Allerheiligen in Saint-Pierre und Miquelon
Im französischen Überseegebiet Saint-Pierre und Miquelon ist Allerheiligen am 1. November ein feierlicher Feiertag mit starker katholischer Tradition. Die Einheimischen gedenken verstorbener Verwandter, indem sie Inselfriedhöfe besuchen, Gräber reinigen und Blumen niederlegen. Dieser ruhige Tag prägt das gemeinschaftliche Leben im Nordatlantik nachhaltig.
Historischer Hintergrund
Der 1. November geht auf frühe christliche Bräuche zur Ehrung von Märtyrern zurück und wurde im 9. Jahrhundert offiziell von der westlichen Kirche festgelegt.

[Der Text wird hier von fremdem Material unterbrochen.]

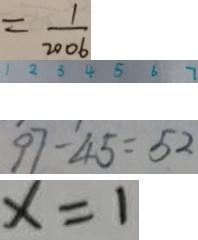Convert formula to latex. <formula><loc_0><loc_0><loc_500><loc_500>= \frac { 1 } { 2 0 0 6 } 
 1 2 3 4 5 6 7 
 9 7 - 4 5 = 5 2 
 x = 1</formula> 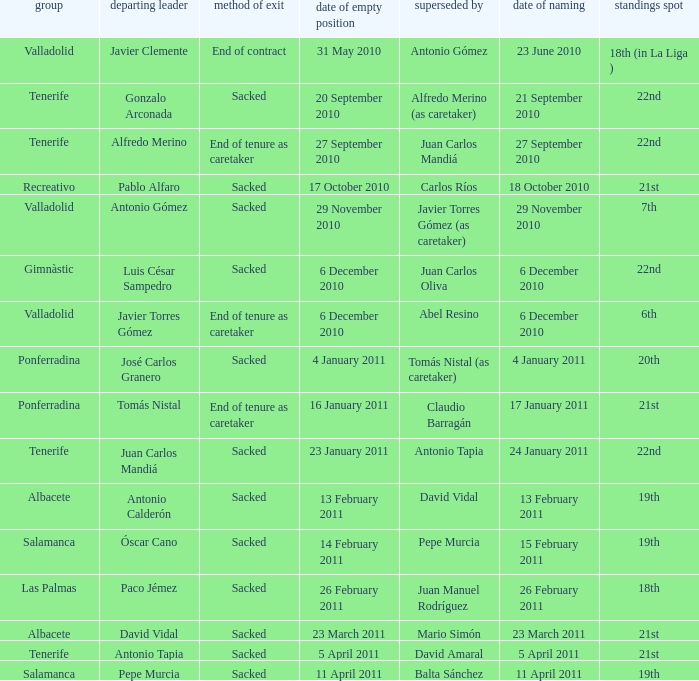Could you help me parse every detail presented in this table? {'header': ['group', 'departing leader', 'method of exit', 'date of empty position', 'superseded by', 'date of naming', 'standings spot'], 'rows': [['Valladolid', 'Javier Clemente', 'End of contract', '31 May 2010', 'Antonio Gómez', '23 June 2010', '18th (in La Liga )'], ['Tenerife', 'Gonzalo Arconada', 'Sacked', '20 September 2010', 'Alfredo Merino (as caretaker)', '21 September 2010', '22nd'], ['Tenerife', 'Alfredo Merino', 'End of tenure as caretaker', '27 September 2010', 'Juan Carlos Mandiá', '27 September 2010', '22nd'], ['Recreativo', 'Pablo Alfaro', 'Sacked', '17 October 2010', 'Carlos Ríos', '18 October 2010', '21st'], ['Valladolid', 'Antonio Gómez', 'Sacked', '29 November 2010', 'Javier Torres Gómez (as caretaker)', '29 November 2010', '7th'], ['Gimnàstic', 'Luis César Sampedro', 'Sacked', '6 December 2010', 'Juan Carlos Oliva', '6 December 2010', '22nd'], ['Valladolid', 'Javier Torres Gómez', 'End of tenure as caretaker', '6 December 2010', 'Abel Resino', '6 December 2010', '6th'], ['Ponferradina', 'José Carlos Granero', 'Sacked', '4 January 2011', 'Tomás Nistal (as caretaker)', '4 January 2011', '20th'], ['Ponferradina', 'Tomás Nistal', 'End of tenure as caretaker', '16 January 2011', 'Claudio Barragán', '17 January 2011', '21st'], ['Tenerife', 'Juan Carlos Mandiá', 'Sacked', '23 January 2011', 'Antonio Tapia', '24 January 2011', '22nd'], ['Albacete', 'Antonio Calderón', 'Sacked', '13 February 2011', 'David Vidal', '13 February 2011', '19th'], ['Salamanca', 'Óscar Cano', 'Sacked', '14 February 2011', 'Pepe Murcia', '15 February 2011', '19th'], ['Las Palmas', 'Paco Jémez', 'Sacked', '26 February 2011', 'Juan Manuel Rodríguez', '26 February 2011', '18th'], ['Albacete', 'David Vidal', 'Sacked', '23 March 2011', 'Mario Simón', '23 March 2011', '21st'], ['Tenerife', 'Antonio Tapia', 'Sacked', '5 April 2011', 'David Amaral', '5 April 2011', '21st'], ['Salamanca', 'Pepe Murcia', 'Sacked', '11 April 2011', 'Balta Sánchez', '11 April 2011', '19th']]} How many teams had an appointment date of 11 april 2011 1.0. 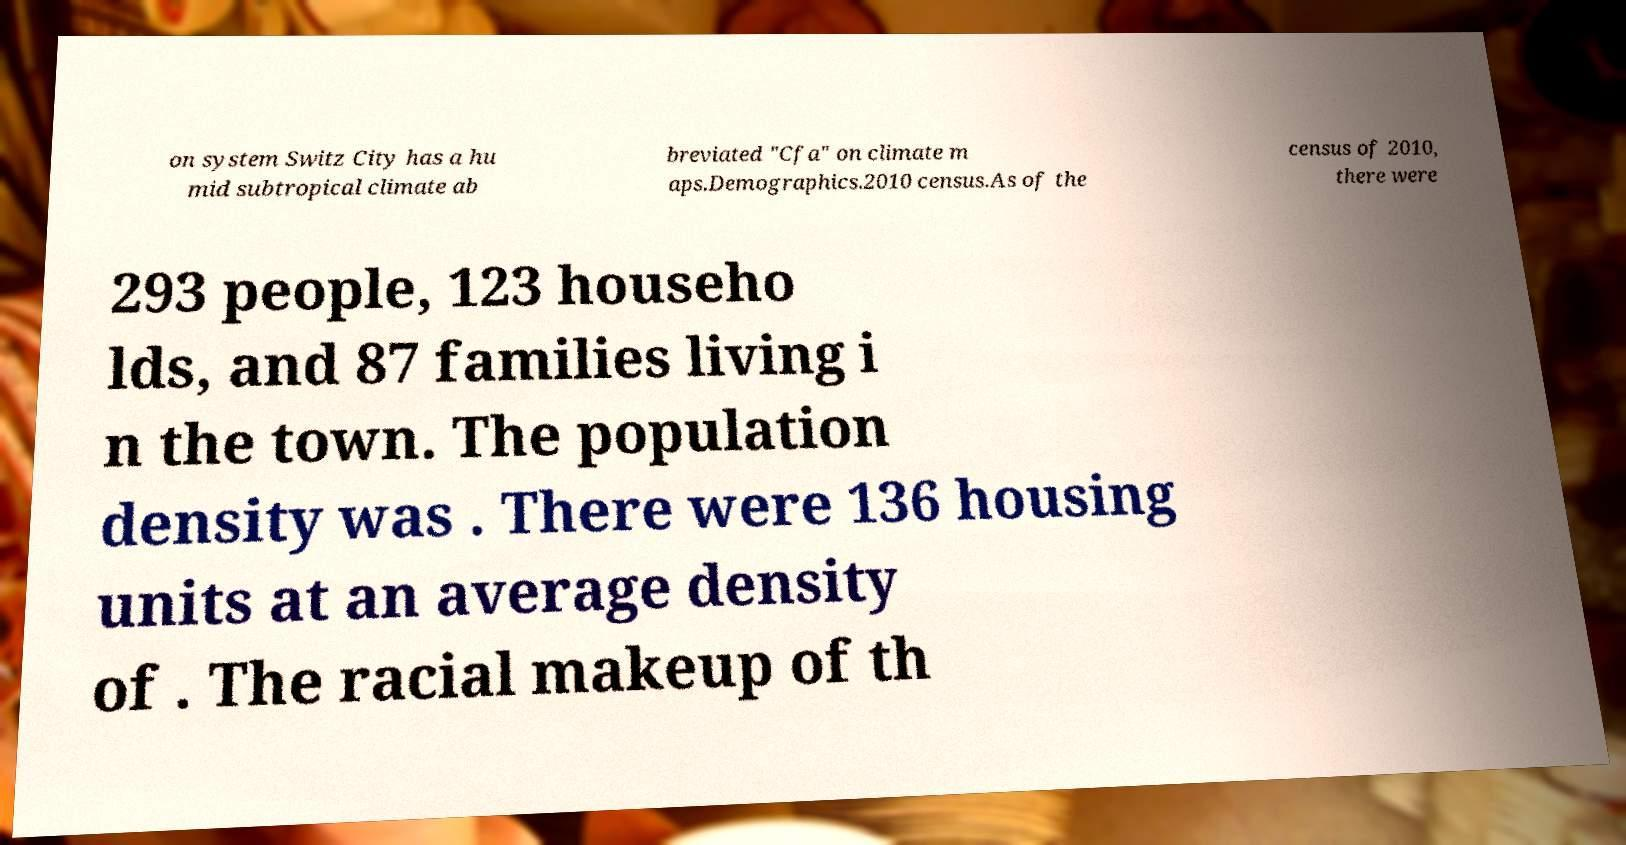Please identify and transcribe the text found in this image. on system Switz City has a hu mid subtropical climate ab breviated "Cfa" on climate m aps.Demographics.2010 census.As of the census of 2010, there were 293 people, 123 househo lds, and 87 families living i n the town. The population density was . There were 136 housing units at an average density of . The racial makeup of th 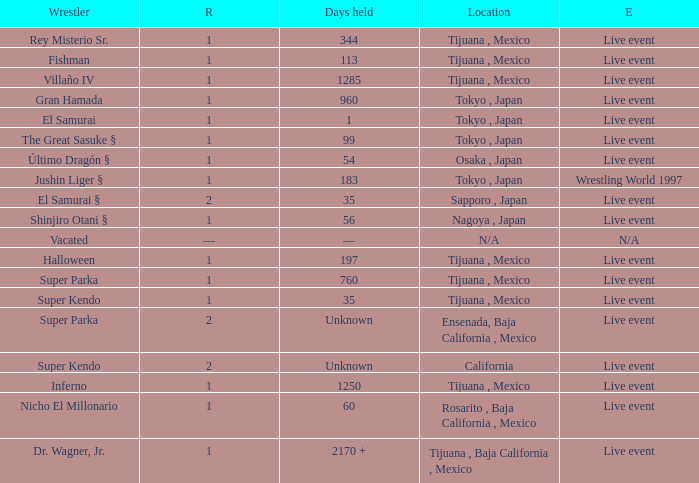What type of event had the wrestler with a reign of 2 and held the title for 35 days? Live event. 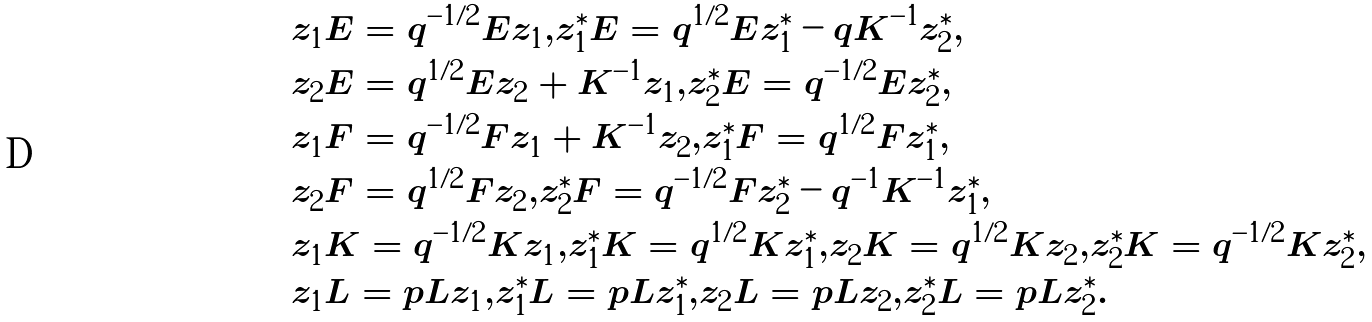<formula> <loc_0><loc_0><loc_500><loc_500>& z _ { 1 } E = q ^ { - 1 / 2 } E z _ { 1 } , z _ { 1 } ^ { \ast } E = q ^ { 1 / 2 } E z _ { 1 } ^ { \ast } - q K ^ { - 1 } z ^ { \ast } _ { 2 } , \\ & z _ { 2 } E = q ^ { 1 / 2 } E z _ { 2 } + K ^ { - 1 } z _ { 1 } , z _ { 2 } ^ { \ast } E = q ^ { - 1 / 2 } E z _ { 2 } ^ { \ast } , \\ & z _ { 1 } F = q ^ { - 1 / 2 } F z _ { 1 } + K ^ { - 1 } z _ { 2 } , z ^ { \ast } _ { 1 } F = q ^ { 1 / 2 } F z ^ { \ast } _ { 1 } , \\ & z _ { 2 } F = q ^ { 1 / 2 } F z _ { 2 } , z ^ { \ast } _ { 2 } F = q ^ { - 1 / 2 } F z ^ { \ast } _ { 2 } - q ^ { - 1 } K ^ { - 1 } z ^ { \ast } _ { 1 } , \\ & z _ { 1 } K = q ^ { - 1 / 2 } K z _ { 1 } , z ^ { \ast } _ { 1 } K = q ^ { 1 / 2 } K z ^ { \ast } _ { 1 } , z _ { 2 } K = q ^ { 1 / 2 } K z _ { 2 } , z ^ { \ast } _ { 2 } K = q ^ { - 1 / 2 } K z ^ { \ast } _ { 2 } , \\ & z _ { 1 } L = p L z _ { 1 } , z ^ { \ast } _ { 1 } L = p L z ^ { \ast } _ { 1 } , z _ { 2 } L = p L z _ { 2 } , z ^ { \ast } _ { 2 } L = p L z ^ { \ast } _ { 2 } .</formula> 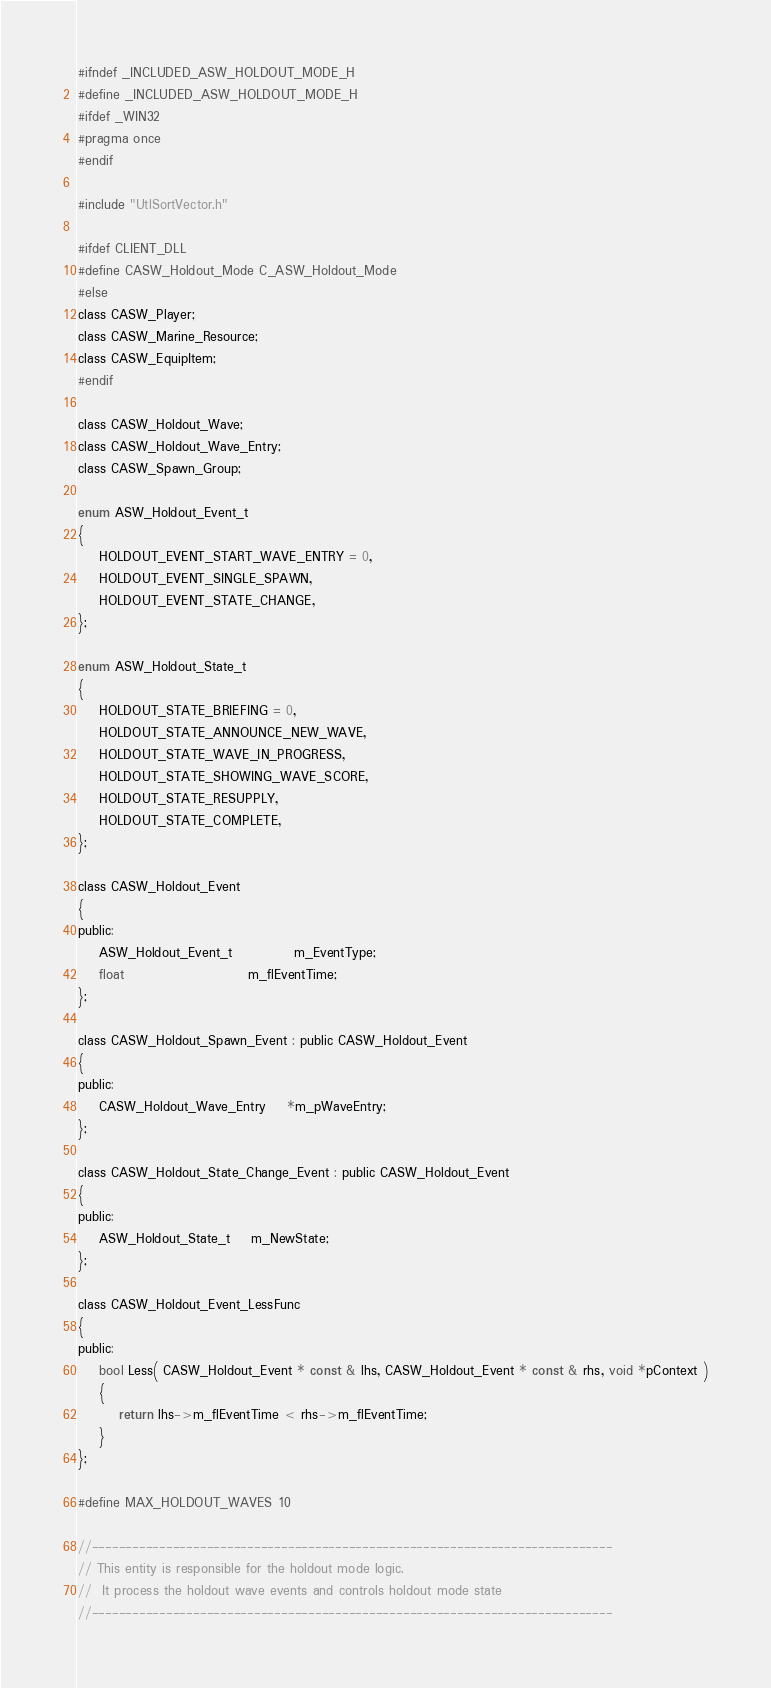<code> <loc_0><loc_0><loc_500><loc_500><_C_>#ifndef _INCLUDED_ASW_HOLDOUT_MODE_H
#define _INCLUDED_ASW_HOLDOUT_MODE_H
#ifdef _WIN32
#pragma once
#endif

#include "UtlSortVector.h"

#ifdef CLIENT_DLL
#define CASW_Holdout_Mode C_ASW_Holdout_Mode
#else
class CASW_Player;
class CASW_Marine_Resource;
class CASW_EquipItem;
#endif

class CASW_Holdout_Wave;
class CASW_Holdout_Wave_Entry;
class CASW_Spawn_Group;

enum ASW_Holdout_Event_t
{
	HOLDOUT_EVENT_START_WAVE_ENTRY = 0,
	HOLDOUT_EVENT_SINGLE_SPAWN,
	HOLDOUT_EVENT_STATE_CHANGE,
};

enum ASW_Holdout_State_t
{
	HOLDOUT_STATE_BRIEFING = 0,
	HOLDOUT_STATE_ANNOUNCE_NEW_WAVE,
	HOLDOUT_STATE_WAVE_IN_PROGRESS,
	HOLDOUT_STATE_SHOWING_WAVE_SCORE,
	HOLDOUT_STATE_RESUPPLY,
	HOLDOUT_STATE_COMPLETE,
};

class CASW_Holdout_Event
{
public:
	ASW_Holdout_Event_t			m_EventType;
	float						m_flEventTime;
};

class CASW_Holdout_Spawn_Event : public CASW_Holdout_Event
{
public:
	CASW_Holdout_Wave_Entry 	*m_pWaveEntry;
};

class CASW_Holdout_State_Change_Event : public CASW_Holdout_Event
{
public:
	ASW_Holdout_State_t 	m_NewState;
};

class CASW_Holdout_Event_LessFunc
{
public:
	bool Less( CASW_Holdout_Event * const & lhs, CASW_Holdout_Event * const & rhs, void *pContext )
	{
		return lhs->m_flEventTime < rhs->m_flEventTime;
	}
};

#define MAX_HOLDOUT_WAVES 10

//-----------------------------------------------------------------------------
// This entity is responsible for the holdout mode logic.
//  It process the holdout wave events and controls holdout mode state
//-----------------------------------------------------------------------------</code>

Als französisches Überseegebiet bewahrt Saint-Pierre und Miquelon diese europäischen liturgischen Traditionen im Einklang mit der eigenen Inselidentität.
Bräuche und Kulinarik
Das Aufstellen von Chrysanthemen und Kerzen auf den Gräbern steht im Mittelpunkt der Inseltraditionen an diesem Tag. Familien kommen oft zusammen, um kräftige, traditionelle Gerichte zu genießen, die gut zum kühlen Herbstwetter im Nordatlantik passen.
Schließungen und Reisehinweise
Da es sich um einen offiziellen Feiertag handelt, bleiben Regierungsgebäude, Banken und die meisten Geschäfte geschlossen. Reisende sollten ihren Aufenthalt im Voraus planen, da öffentliche Dienstleistungen während der Feiertagsruhe nur eingeschränkt zur Verfügung stehen.
Fragen zu Allerheiligen
Ist Allerheiligen in Saint-Pierre und Miquelon ein gesetzlicher Feiertag?
Ja, der 1. November ist ein offizieller Feiertag, an dem Behörden und Geschäfte geschlossen sind.
Wie verbringen die Bewohner diesen Tag?
Viele Menschen pflegen Gräber, zünden Kerzen an und verbringen ruhige Stunden im Kreis der Familie.